■ **What you need to do**
Reproduce the entire listing exactly as written, apart from its pictures.

[Records shown — start]

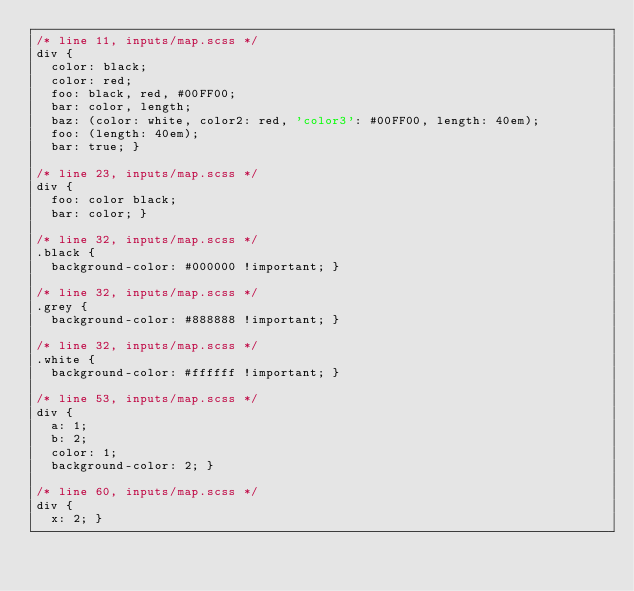Convert code to text. <code><loc_0><loc_0><loc_500><loc_500><_CSS_>/* line 11, inputs/map.scss */
div {
  color: black;
  color: red;
  foo: black, red, #00FF00;
  bar: color, length;
  baz: (color: white, color2: red, 'color3': #00FF00, length: 40em);
  foo: (length: 40em);
  bar: true; }

/* line 23, inputs/map.scss */
div {
  foo: color black;
  bar: color; }

/* line 32, inputs/map.scss */
.black {
  background-color: #000000 !important; }

/* line 32, inputs/map.scss */
.grey {
  background-color: #888888 !important; }

/* line 32, inputs/map.scss */
.white {
  background-color: #ffffff !important; }

/* line 53, inputs/map.scss */
div {
  a: 1;
  b: 2;
  color: 1;
  background-color: 2; }

/* line 60, inputs/map.scss */
div {
  x: 2; }
</code>

[Records shown — finish]

■ **Reply to the task**
Convert code to text. <code><loc_0><loc_0><loc_500><loc_500><_CSS_>/* line 11, inputs/map.scss */
div {
  color: black;
  color: red;
  foo: black, red, #00FF00;
  bar: color, length;
  baz: (color: white, color2: red, 'color3': #00FF00, length: 40em);
  foo: (length: 40em);
  bar: true; }

/* line 23, inputs/map.scss */
div {
  foo: color black;
  bar: color; }

/* line 32, inputs/map.scss */
.black {
  background-color: #000000 !important; }

/* line 32, inputs/map.scss */
.grey {
  background-color: #888888 !important; }

/* line 32, inputs/map.scss */
.white {
  background-color: #ffffff !important; }

/* line 53, inputs/map.scss */
div {
  a: 1;
  b: 2;
  color: 1;
  background-color: 2; }

/* line 60, inputs/map.scss */
div {
  x: 2; }
</code>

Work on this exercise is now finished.